# I scored today!



## happy appy (Feb 18, 2013)

I've been looking for a pony cart for my husband to drive now that he is getting interested. Well this morning I was emailed about a training cart for sale 20 minutes away. Went and took a look and bought it on the spot. Only $100!

My great high didn't end there. Early afternoon a woman emailed me about a 4 wheel cart she had for sale. It came with small horse and pony shafts. One tire needs replacing and one clip on the horse shafts is broken and needs replacing. The paint is a little chipped too but not in horrible condition by far. Well it turns out to be a Jerald Devon Pony Viceroy! I got it for $500 and they met me half way on the road to their place! Instead of a 7 hour return trip it was only 3.5! Woot! Woot! great cart day for me!

Pictures will come when I have a chance. I go to school full time right now and then work after school so it will be the weekend before I get them unless hubby takes some in the day light for me.


----------



## Dreamer (Feb 18, 2013)

Awesome. You did have a great day.


----------



## Rhondaalaska (Feb 18, 2013)

Wow you did good

two carts and great prices

Way to go


----------



## happy appy (Feb 19, 2013)

Here are some crappy pictures of one cart.

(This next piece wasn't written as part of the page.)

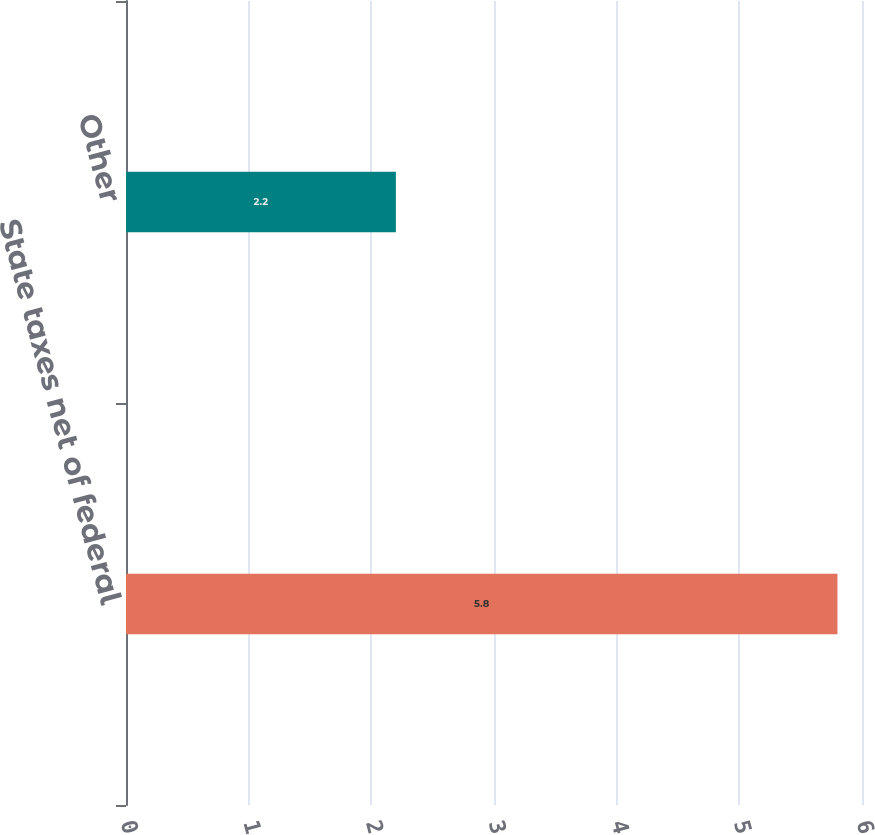Convert chart. <chart><loc_0><loc_0><loc_500><loc_500><bar_chart><fcel>State taxes net of federal<fcel>Other<nl><fcel>5.8<fcel>2.2<nl></chart>

I took them when I got home from work in the dark. It is sitting in one of the hay buildings and the kids have already dropped some hay on it from feed tonight. The 2 sets of shafts are sitting on top of the hay. It never came with a seat cushion but I can find something for hubby it sit on.


----------



## Peggy Porter (Feb 21, 2013)

Tina- tell Al to drive it like you stole it, cause you did! The viceroy sells new for 10 times what you paid for it! And two sets of shafts. Great buy! If I am not mistaken, the seat pad is just a tufted cushion that is not attached to the seat (maybe velcroed to the back or sides) I can't wait to see photos of him driving.


----------



## Renolizzie (Feb 22, 2013)

Wow, that is one snazzy cart.


----------



## crisco41 (Feb 22, 2013)

nice!! wish i could find a good deal like that on a cart, congrads


----------



## rabbitsfizz (Feb 22, 2013)

Am green......


----------